> _Your goal_
The first line of the listing opens the range and the line with "Your response must be concise. 298." closes it; repeat those lines and all between them word for word, leaving out the pictures.

> _Material for this exercise_
┌──

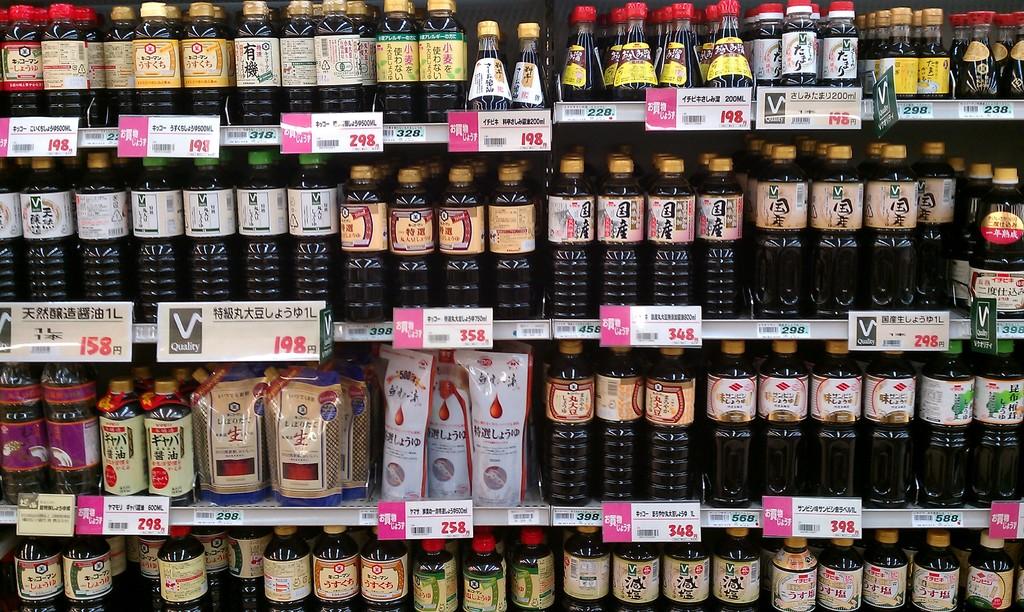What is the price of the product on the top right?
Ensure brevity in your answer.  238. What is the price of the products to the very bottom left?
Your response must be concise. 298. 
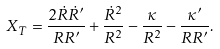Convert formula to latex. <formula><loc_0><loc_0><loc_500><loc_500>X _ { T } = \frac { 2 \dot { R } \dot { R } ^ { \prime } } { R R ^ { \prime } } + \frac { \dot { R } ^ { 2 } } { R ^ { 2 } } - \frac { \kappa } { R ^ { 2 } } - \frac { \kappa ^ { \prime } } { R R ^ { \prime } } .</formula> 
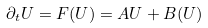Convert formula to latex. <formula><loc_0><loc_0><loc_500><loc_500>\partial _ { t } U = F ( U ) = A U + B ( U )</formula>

└──

> _Response area_
What is the price of the product on the top right?
Ensure brevity in your answer.  238. What is the price of the products to the very bottom left?
Your response must be concise. 298. 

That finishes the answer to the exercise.